重々しい木作りの、階段を慎重に二階へと上がっていく。

長い廊下を歩いて、一番奥の部屋のドアの前に俺は立った。

息を吸い込み大声を出す。


「どうもー!!!イノベーションスクリーン社の守口と申しまああす!!」

「宇宙開拓特例法により、政府から依頼を受けまして

 菅沼タケルさまをお迎えにあがりましたあああ!!

 開けてもよろしいでしょうか!?」


キーンという音が耳奥で鳴り、俺は思わず耳を塞ぐ。

クソッ、金のためだ!!負けてらんねえ!!


「安全上の問題が発生したので蹴破ります!!これは合法であります!!」


俺は力任せに思いっきりドアを蹴破った。

ドガアアアアアアアアアアという音と共に長方形のドアが部屋の中へと倒れていく。







   おにいちゃん






部屋の中には何も無い真っ白な世界が広がっていた。

そこには見たことの無いおかっぱの幼女が俺の目の前に立っている。






    何しに来たの?





「君を連れて行く」





    やだよ。おにいちゃん。おそぼーっ




ちっA型種の超攻撃型じゃねぇか。重持のクソ野郎……

思うが早いか俺は幼女から離れる。

後ろを振り向くとデータでは五メートル四方程度しかないはずの部屋が

延々と続く白い世界になっていた。

「くそが、もう思念界の中か……」





    おにいちゃん ありんこみたいー




見上げると、数十メートルの怪物のような身長になった幼女が

おれをぶっとい人差し指で弾く直前だった。

「ちっ……"シールド展開レベル6"!!!」

寸でのところで俺はその指から弾き飛ばされずに済み、

逆に俺の身体に触れた幼女の指が消し飛ぶ。

きょとんとしている幼女は元の大きさに戻り、

不思議そうに俺を見る。

チャンスだな。

「えっとですね。
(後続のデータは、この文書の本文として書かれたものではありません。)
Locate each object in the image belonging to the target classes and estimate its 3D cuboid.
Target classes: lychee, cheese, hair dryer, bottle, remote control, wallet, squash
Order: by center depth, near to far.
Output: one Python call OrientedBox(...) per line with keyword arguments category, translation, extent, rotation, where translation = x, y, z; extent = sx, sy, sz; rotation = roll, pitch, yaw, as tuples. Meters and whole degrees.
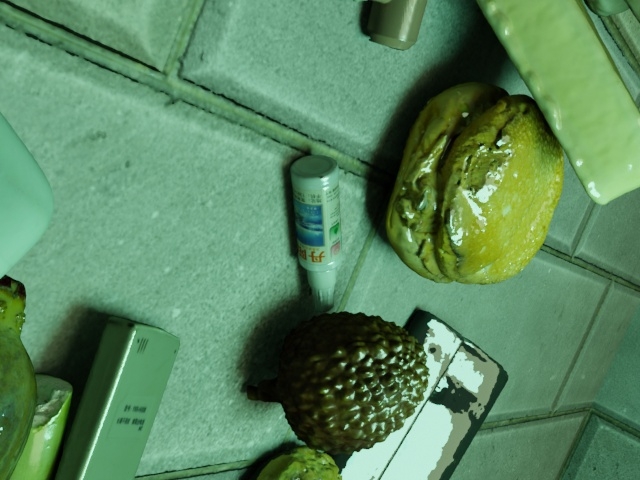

私はイノベーションスクリーンの守口と申します」

「……?」

「お客様のご両親からご依頼がありまして、

 あなたさまをお連れするのが私の役目でございます」




   ……連れて行く?




幼女の顔が曇り、真っ白だった世界に今度は雨が降りはじめる。

「誤解がないように説明させていただきますとですね。

 我々は菅沼タケルご本人様では無く、

 今目の前に居るイメージ体のあなた様だけを

 宇宙旅行へとご招待する仕事でございます」




    う…宇宙?あたしだけ?




豪雨に変わりかけていた雨が次第に止んでいく。

「ご理解いただけるようでありがたいことです。

 つきまして申し訳ありませんが、

 しばらくお眠りいただきます」

警戒させないようにニコニコしながら俺は幼女を指差して呟く。

「……"捕鯨網レベル17"」

とたんに俺の全身から巨大な網が幼女へと覆いかぶさるように射出され、

その網の中へと幼女は消えうせた。

シュルシュルと網を回収したころには周囲は

缶ジュースや酒瓶とゴミの山の中に

太って禿げかけたおじさんが大の字で伸びているのが見えた。

若干心配ではあるが、

これ以上の手出しは法の定めた俺の仕事の範疇を越えている。

俺は手早く病院へと連絡を取り、家から会社へと引き上げた。

くわばらくわばら。

こんな大物じゃなくて、俺は小さな獲物だけをチマチマ狩って稼ぎたいのだ。

戻ったら重持のクソメガネ絶対〆てやる。

そう思いながら俺は会社へとボロの軽を走らせる。